I got an email from Sarah today.  She told me that Stephenie Meyer will be on the Ellen show this week.  On the sidebar were ads for travel guides through Markham, and info about Sarah Palin.  I’ve had others, where a friend asked about my engagement ring, and there were ads for the ring.  ESL classes were advertised when Ruth detailed a class for me.

Google I enjoy you.  But the Big Brother aura is just creepy.  I have almost forgiven you for promoting that English teacher’s hell of a site – Wiki – as a main source of research on your search engine.  But my overly giddy emails about Vampire authors should be private.

On a less technology centered note, I’m finding myself a bit addicted to baking.  I’m home a lot, and while Project Runway is a lovely guilty pleasure, there is only so much you can take – same with laundry and cleaning bathrooms, though the guilty part only comes in when I neglect these in order to bake.

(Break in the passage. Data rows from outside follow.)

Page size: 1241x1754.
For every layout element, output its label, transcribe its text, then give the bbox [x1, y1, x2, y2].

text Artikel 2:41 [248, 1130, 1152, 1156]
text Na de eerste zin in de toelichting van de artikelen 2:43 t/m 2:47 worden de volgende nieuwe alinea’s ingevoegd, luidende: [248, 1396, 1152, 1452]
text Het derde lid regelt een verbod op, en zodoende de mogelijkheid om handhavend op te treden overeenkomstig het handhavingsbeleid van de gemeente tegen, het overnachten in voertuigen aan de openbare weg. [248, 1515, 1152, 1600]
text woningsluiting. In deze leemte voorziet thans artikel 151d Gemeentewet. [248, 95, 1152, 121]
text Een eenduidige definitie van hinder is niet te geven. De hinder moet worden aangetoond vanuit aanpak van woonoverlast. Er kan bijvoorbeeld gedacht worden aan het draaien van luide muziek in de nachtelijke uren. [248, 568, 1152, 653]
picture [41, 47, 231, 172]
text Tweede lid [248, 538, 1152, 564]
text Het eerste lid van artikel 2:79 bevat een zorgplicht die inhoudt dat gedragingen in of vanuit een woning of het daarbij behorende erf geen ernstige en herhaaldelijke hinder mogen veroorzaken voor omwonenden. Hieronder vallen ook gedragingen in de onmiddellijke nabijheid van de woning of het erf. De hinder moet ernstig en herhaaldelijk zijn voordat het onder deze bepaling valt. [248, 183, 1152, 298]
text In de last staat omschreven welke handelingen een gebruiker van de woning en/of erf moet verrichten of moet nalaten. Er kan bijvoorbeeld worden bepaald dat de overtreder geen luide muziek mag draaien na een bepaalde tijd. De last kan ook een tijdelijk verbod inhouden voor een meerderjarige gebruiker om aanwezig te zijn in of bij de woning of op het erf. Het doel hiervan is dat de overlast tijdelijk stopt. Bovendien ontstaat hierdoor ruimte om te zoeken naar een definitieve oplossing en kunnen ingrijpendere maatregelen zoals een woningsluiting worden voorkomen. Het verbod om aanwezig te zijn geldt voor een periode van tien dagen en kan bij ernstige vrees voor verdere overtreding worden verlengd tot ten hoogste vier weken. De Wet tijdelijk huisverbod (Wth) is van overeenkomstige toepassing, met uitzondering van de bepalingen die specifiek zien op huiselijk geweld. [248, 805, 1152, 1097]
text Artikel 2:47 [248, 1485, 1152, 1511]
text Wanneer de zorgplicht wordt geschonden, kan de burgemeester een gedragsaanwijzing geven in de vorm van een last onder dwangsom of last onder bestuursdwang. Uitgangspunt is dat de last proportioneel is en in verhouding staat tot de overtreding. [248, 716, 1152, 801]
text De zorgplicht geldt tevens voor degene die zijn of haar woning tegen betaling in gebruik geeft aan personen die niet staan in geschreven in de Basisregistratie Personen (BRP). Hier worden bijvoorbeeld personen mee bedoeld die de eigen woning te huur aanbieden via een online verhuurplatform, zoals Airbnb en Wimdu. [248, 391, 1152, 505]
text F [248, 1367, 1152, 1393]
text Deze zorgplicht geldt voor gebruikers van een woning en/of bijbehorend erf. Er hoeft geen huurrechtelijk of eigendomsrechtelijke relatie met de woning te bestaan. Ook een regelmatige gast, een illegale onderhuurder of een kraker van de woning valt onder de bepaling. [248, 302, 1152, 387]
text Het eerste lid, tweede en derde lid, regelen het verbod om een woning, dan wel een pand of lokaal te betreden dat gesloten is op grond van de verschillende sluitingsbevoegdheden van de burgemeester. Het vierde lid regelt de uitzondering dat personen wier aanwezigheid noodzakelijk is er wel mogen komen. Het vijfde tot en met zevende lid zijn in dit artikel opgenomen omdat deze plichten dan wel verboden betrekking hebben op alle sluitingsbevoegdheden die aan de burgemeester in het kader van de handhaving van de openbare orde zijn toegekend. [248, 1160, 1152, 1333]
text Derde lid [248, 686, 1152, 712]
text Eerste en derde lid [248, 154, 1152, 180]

So I find myself in the kitchen a lot, arguing with myself about whether or not Lazy Cake is a good idea.  Would banana bread be a shining moment in my husband’s crappy day?  I don’t want him to have a crappy day.  I just want him to be happy about banana bread.  So now in our kitchen is the remainder of upside-down pear gingerbread, the end of a loaf of oatmeal bread, 5 Lazy cupcakes and here I am contemplating whether it would be easier to convince Greg that baked oatmeal, banana bread of biscuits that Ruth gave me the recipe for would be a better thing to have in the house.  I’m banking that the baked oatmeal from the weight watcher’s book would be the easiest sell on the “oh look sweetie, a healthy breakfast” spin.  But those biscuits taste like melting clouds of happiness. What is a girl to do?

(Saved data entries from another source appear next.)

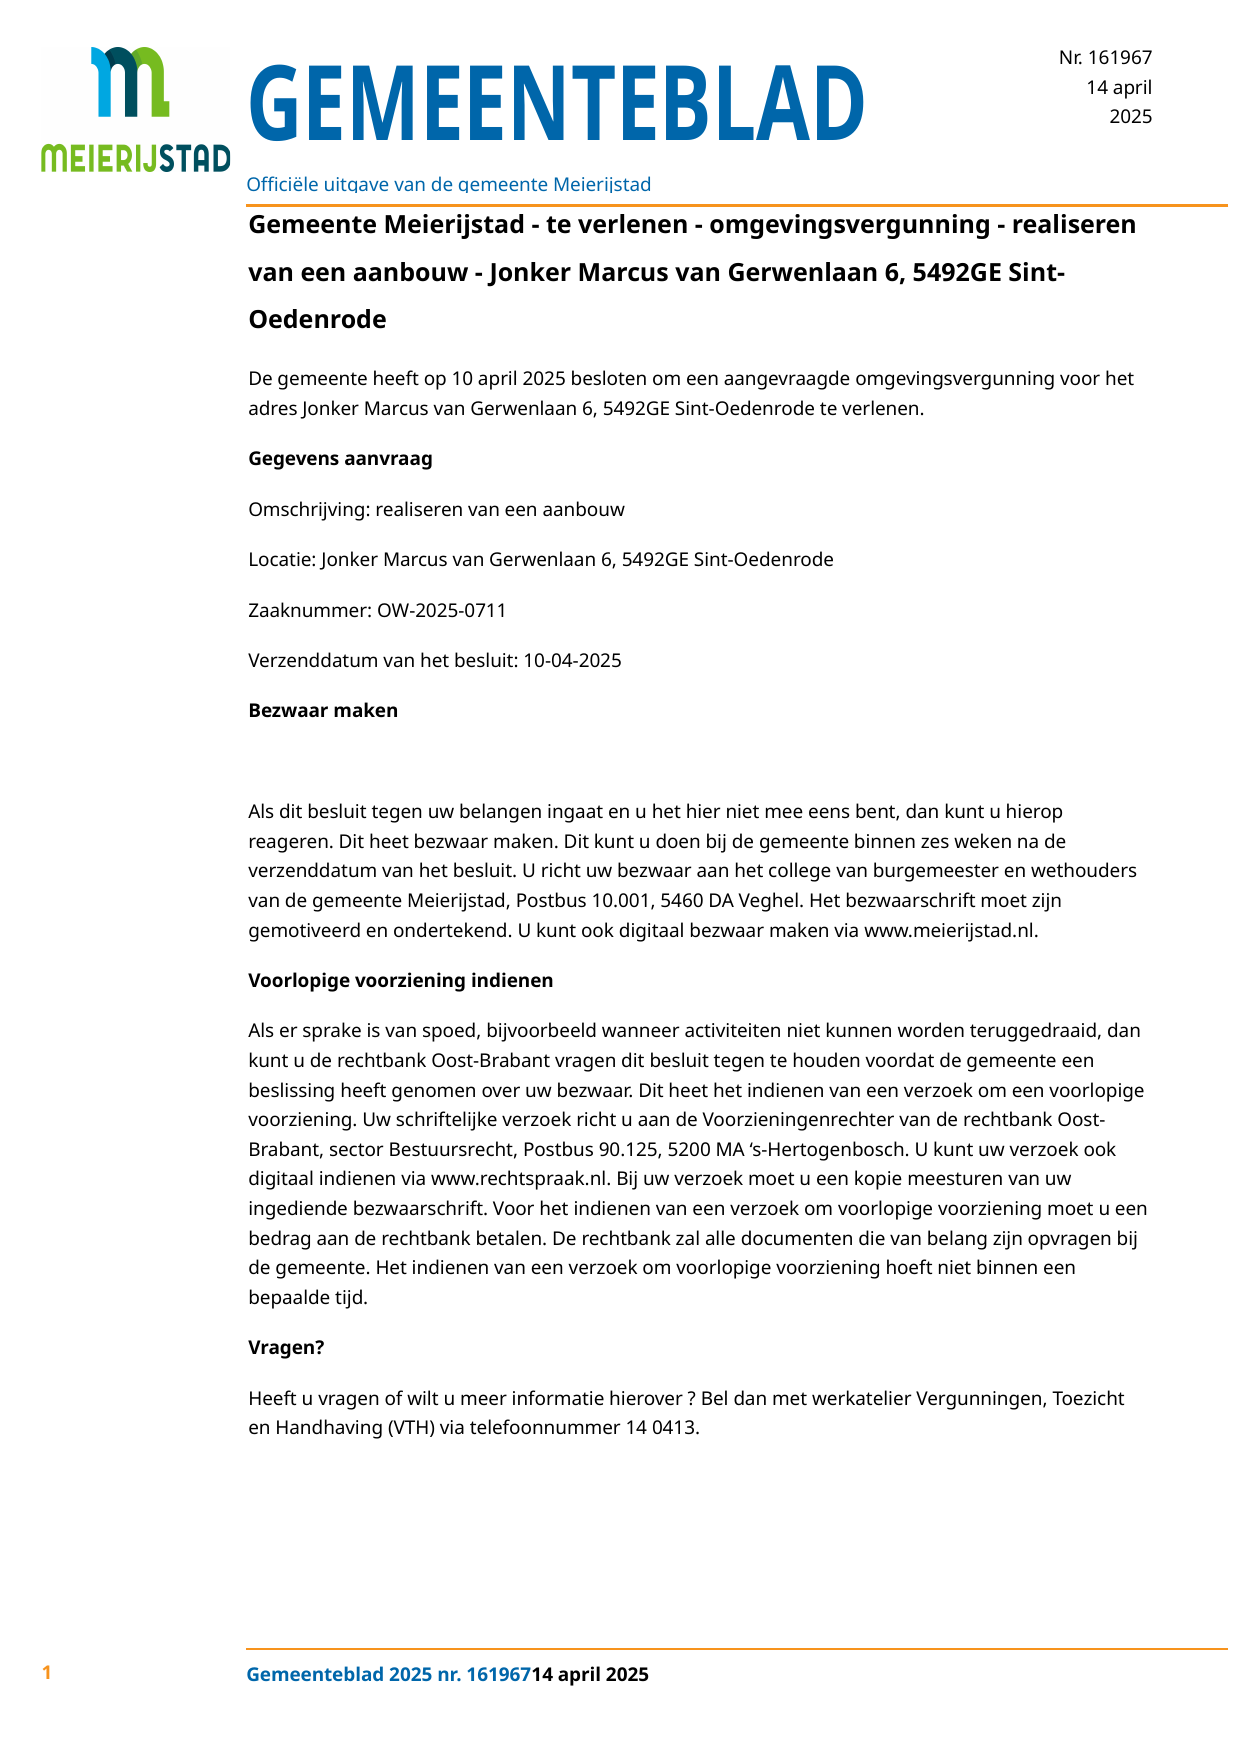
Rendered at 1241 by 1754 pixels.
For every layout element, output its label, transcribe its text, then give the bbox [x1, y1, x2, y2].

text Als er sprake is van spoed, bijvoorbeeld wanneer activiteiten niet kunnen worden teruggedraaid, dan kunt u de rechtbank Oost-Brabant vragen dit besluit tegen te houden voordat de gemeente een beslissing heeft genomen over uw bezwaar. Dit heet het indienen van een verzoek om een voorlopige voorziening. Uw schriftelijke verzoek richt u aan de Voorzieningenrechter van de rechtbank Oost-Brabant, sector Bestuursrecht, Postbus 90.125, 5200 MA ‘s-Hertogenbosch. U kunt uw verzoek ook digitaal indienen via www.rechtspraak.nl. Bij uw verzoek moet u een kopie meesturen van uw ingediende bezwaarschrift. Voor het indienen van een verzoek om voorlopige voorziening moet u een bedrag aan de rechtbank betalen. De rechtbank zal alle documenten die van belang zijn opvragen bij de gemeente. Het indienen van een verzoek om voorlopige voorziening hoeft niet binnen een bepaalde tijd. [248, 1018, 1152, 1309]
picture [41, 47, 231, 172]
text Omschrijving: realiseren van een aanbouw [248, 496, 1152, 522]
text Gemeente Meierijstad - te verlenen - omgevingsvergunning - realiseren van een aanbouw - Jonker Marcus van Gerwenlaan 6, 5492GE Sint-Oedenrode [248, 207, 1152, 336]
text Locatie: Jonker Marcus van Gerwenlaan 6, 5492GE Sint-Oedenrode [248, 546, 1152, 572]
text Bezwaar maken [248, 698, 1152, 723]
text Vragen? [248, 1334, 1152, 1360]
text Als dit besluit tegen uw belangen ingaat en u het hier niet mee eens bent, dan kunt u hierop reageren. Dit heet bezwaar maken. Dit kunt u doen bij de gemeente binnen zes weken na de verzenddatum van het besluit. U richt uw bezwaar aan het college van burgemeester en wethouders van de gemeente Meierijstad, Postbus 10.001, 5460 DA Veghel. Het bezwaarschrift moet zijn gemotiveerd en ondertekend. U kunt ook digitaal bezwaar maken via www.meierijstad.nl. [248, 798, 1152, 942]
text Zaaknummer: OW-2025-0711 [248, 597, 1152, 622]
text Gegevens aanvraag [248, 446, 1152, 471]
text Voorlopige voorziening indienen [248, 967, 1152, 993]
text Verzenddatum van het besluit: 10-04-2025 [248, 647, 1152, 673]
text De gemeente heeft op 10 april 2025 besloten om een aangevraagde omgevingsvergunning voor het adres Jonker Marcus van Gerwenlaan 6, 5492GE Sint-Oedenrode te verlenen. [248, 366, 1152, 421]
text Heeft u vragen of wilt u meer informatie hierover ? Bel dan met werkatelier Vergunningen, Toezicht en Handhaving (VTH) via telefoonnummer 14 0413. [248, 1385, 1152, 1440]

Forgive the lameness of that last metaphore, but when I last ate them in the kitchen of the K-House, I was dancing around moaning in delight in a most unseemly way.  In a house dedicated to Christian living, I fear that gluttony almost got ahold of me as I devored savory biscuits in utter joy.

moping on the first post

When I read the beginning of the book Julie and Julia, I understood what the writer meant.  No I didn’t have my revelation standing on a subway platform with a crazed homeless woman banging her head against the sidewalk.  Instead, I had my moment of realization while watching Project Runway and trying to decide whether or not I was going to venture to get the iron and ironing board out of the closet.  This doesn’t come from a lack of love of ironing.  The two times I have ironed, I actually enjoyed it.  But as my mother lugged hers out of the closet in as many times as I have fingers, I never really learned how to actually do the deed.  And while I was happy enough to happily flatten scraps for an art project, actually subjecting my pretty new placemats to a heated hunk of metal is a different story all together.

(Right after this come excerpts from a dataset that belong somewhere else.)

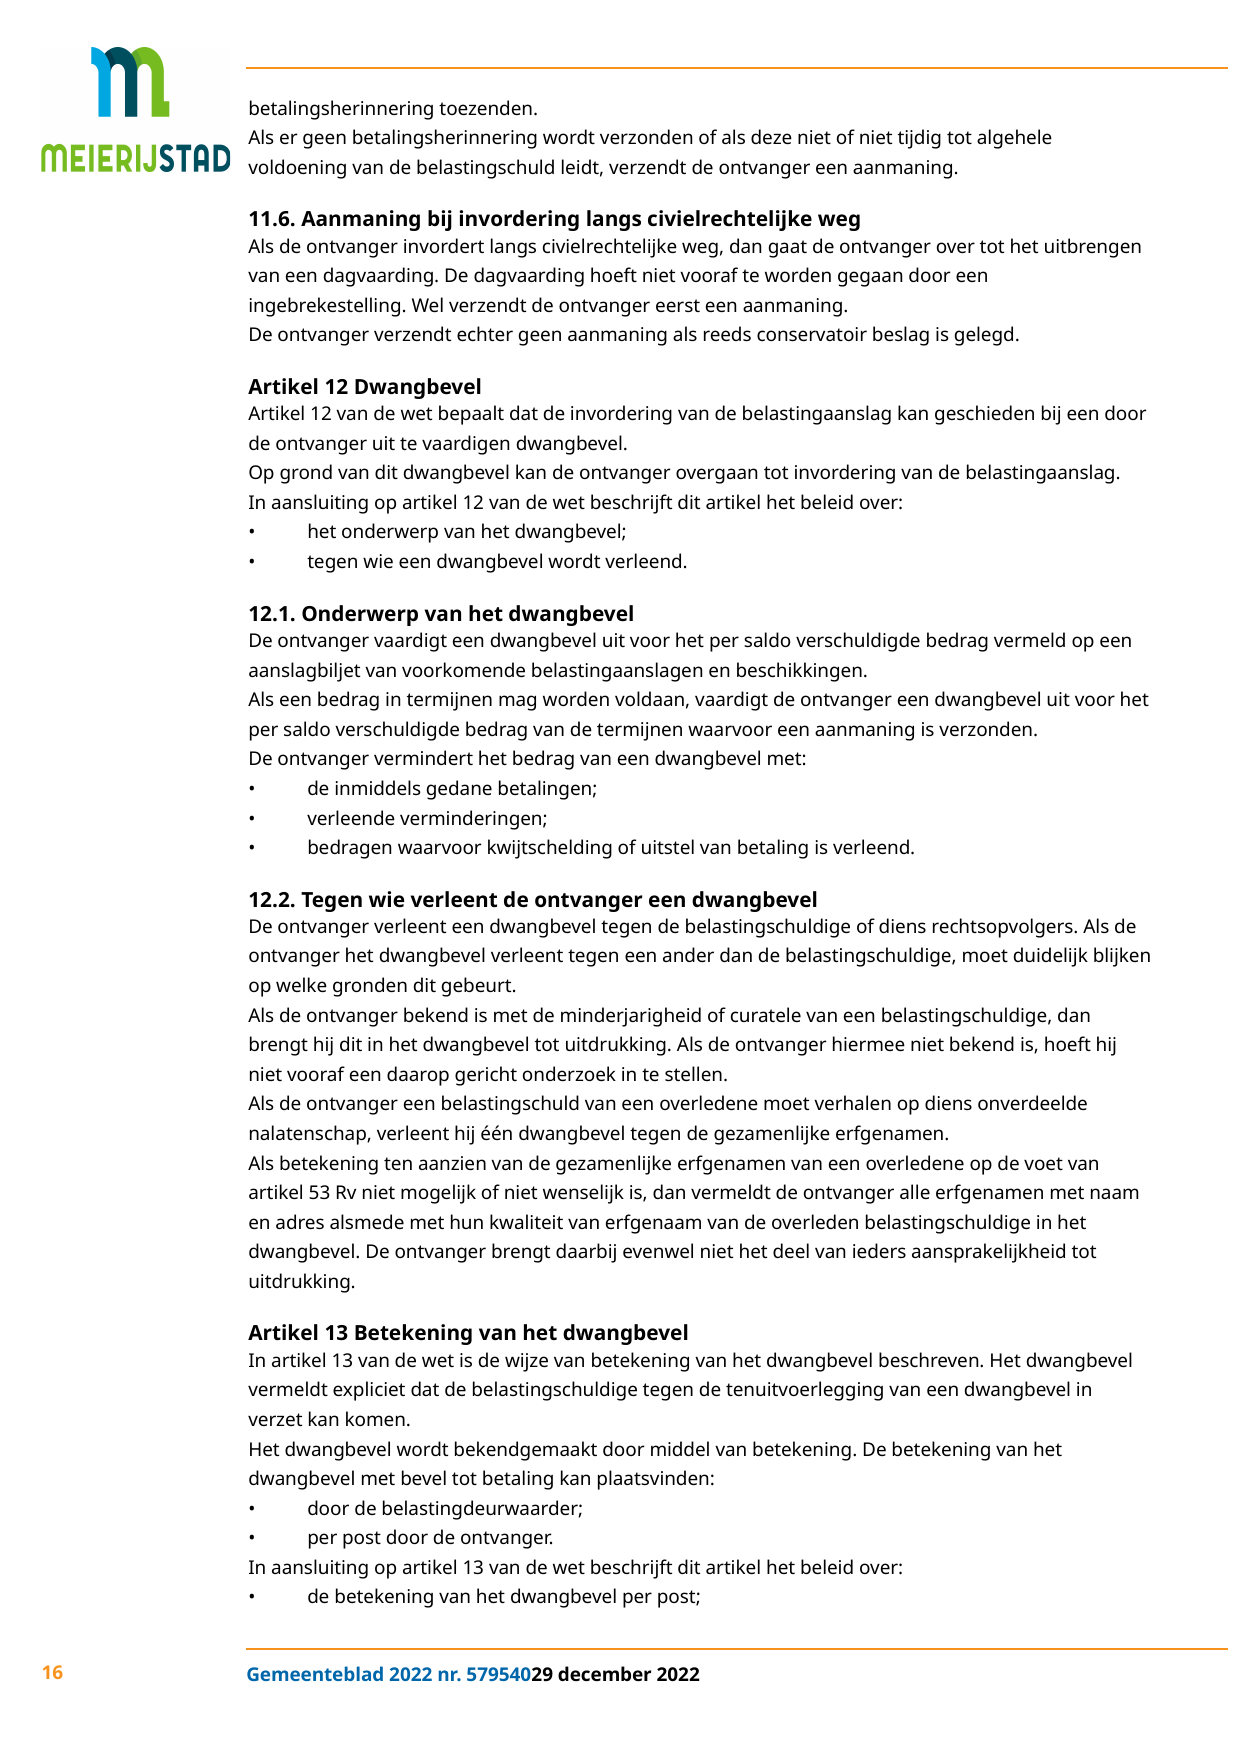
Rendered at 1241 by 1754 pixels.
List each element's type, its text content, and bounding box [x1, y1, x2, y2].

list het onderwerp van het dwangbevel; [248, 519, 1152, 544]
list de inmiddels gedane betalingen; [248, 775, 1152, 801]
text De ontvanger vermindert het bedrag van een dwangbevel met: [248, 746, 1152, 771]
text De ontvanger vaardigt een dwangbevel uit voor het per saldo verschuldigde bedrag vermeld op een aanslagbiljet van voorkomende belastingaanslagen en beschikkingen. [248, 627, 1152, 682]
text Het dwangbevel wordt bekendgemaakt door middel van betekening. De betekening van het dwangbevel met bevel tot betaling kan plaatsvinden: [248, 1436, 1152, 1491]
list verleende verminderingen; [248, 805, 1152, 830]
text In aansluiting op artikel 12 van de wet beschrijft dit artikel het beleid over: [248, 489, 1152, 515]
text betalingsherinnering toezenden. [248, 95, 1152, 121]
text Als de ontvanger invordert langs civielrechtelijke weg, dan gaat de ontvanger over tot het uitbrengen van een dagvaarding. De dagvaarding hoeft niet vooraf te worden gegaan door een ingebrekestelling. Wel verzendt de ontvanger eerst een aanmaning. [248, 233, 1152, 318]
text Als de ontvanger een belastingschuld van een overledene moet verhalen op diens onverdeelde nalatenschap, verleent hij één dwangbevel tegen de gezamenlijke erfgenamen. [248, 1091, 1152, 1146]
text In artikel 13 van de wet is de wijze van betekening van het dwangbevel beschreven. Het dwangbevel vermeldt expliciet dat de belastingschuldige tegen de tenuitvoerlegging van een dwangbevel in verzet kan komen. [248, 1347, 1152, 1432]
text De ontvanger verzendt echter geen aanmaning als reeds conservatoir beslag is gelegd. [248, 322, 1152, 347]
text Artikel 13 Betekening van het dwangbevel [248, 1318, 1152, 1347]
picture [41, 47, 231, 172]
text 12.2. Tegen wie verleent de ontvanger een dwangbevel [248, 885, 1152, 913]
text Als de ontvanger bekend is met de minderjarigheid of curatele van een belastingschuldige, dan brengt hij dit in het dwangbevel tot uitdrukking. Als de ontvanger hiermee niet bekend is, hoeft hij niet vooraf een daarop gericht onderzoek in te stellen. [248, 1002, 1152, 1087]
list per post door de ontvanger. [248, 1524, 1152, 1550]
text Artikel 12 Dwangbevel [248, 372, 1152, 400]
list de betekening van het dwangbevel per post; [248, 1584, 1152, 1609]
text 11.6. Aanmaning bij invordering langs civielrechtelijke weg [248, 204, 1152, 233]
text 12.1. Onderwerp van het dwangbevel [248, 599, 1152, 627]
text Op grond van dit dwangbevel kan de ontvanger overgaan tot invordering van de belastingaanslag. [248, 459, 1152, 485]
text In aansluiting op artikel 13 van de wet beschrijft dit artikel het beleid over: [248, 1554, 1152, 1580]
list door de belastingdeurwaarder; [248, 1495, 1152, 1521]
text Als betekening ten aanzien van de gezamenlijke erfgenamen van een overledene op de voet van artikel 53 Rv niet mogelijk of niet wenselijk is, dan vermeldt de ontvanger alle erfgenamen met naam en adres alsmede met hun kwaliteit van erfgenaam van de overleden belastingschuldige in het dwangbevel. De ontvanger brengt daarbij evenwel niet het deel van ieders aansprakelijkheid tot uitdrukking. [248, 1150, 1152, 1294]
text Als er geen betalingsherinnering wordt verzonden of als deze niet of niet tijdig tot algehele voldoening van de belastingschuld leidt, verzendt de ontvanger een aanmaning. [248, 124, 1152, 180]
text Als een bedrag in termijnen mag worden voldaan, vaardigt de ontvanger een dwangbevel uit voor het per saldo verschuldigde bedrag van de termijnen waarvoor een aanmaning is verzonden. [248, 686, 1152, 742]
text De ontvanger verleent een dwangbevel tegen de belastingschuldige of diens rechtsopvolgers. Als de ontvanger het dwangbevel verleent tegen een ander dan de belastingschuldige, moet duidelijk blijken op welke gronden dit gebeurt. [248, 913, 1152, 998]
list tegen wie een dwangbevel wordt verleend. [248, 548, 1152, 574]
list bedragen waarvoor kwijtschelding of uitstel van betaling is verleend. [248, 834, 1152, 860]
text Artikel 12 van de wet bepaalt dat de invordering van de belastingaanslag kan geschieden bij een door de ontvanger uit te vaardigen dwangbevel. [248, 400, 1152, 456]

But the point is, I understand that moment when you feel like your not doing anything useful and even if you are, it’s sort of sucking the life out of you.  The difference is, she started a project, and I am still in that stage of wandering around wondering if and what I should do.  If I start a project, what if I don’t finish it?  What if I don’t like it?  What if I suck at it?  What if it’s just plain silly or stupid?  I know these are all pretty dumb questions to ask when it’s about starting a completely selfish project to just make my day brighter, but you see, that’s where I get stuck.

But perhaps this is the first step.  I have admitted that I need something that is somehow fulfilling.  True, I also need a job.  And oh yes, I’m terrified of this whole process too.  I need a place to start.  I feel like I’m on the edge of the game candyland.  It’s time to play, and I’m ready to start.  However, I keep worrying I’m going to get stuck in the Molasses swamp, or be repeatedly sent back to the gum drop guy.  What if I can’t get started, and even if I do, I always end up back with the lame candy that the cheap people hand out on Halloween.  I feel like my analogies of crappy candy and board games are making it clear that it’s almost 11:00.

Maybe this will be a push.  If I don’t find some sort of project, I will have to be content with bad analogies, and what former English major wants that?  So with that I say good night.  Perhaps projects or ideas reveal themselves better in the morning light.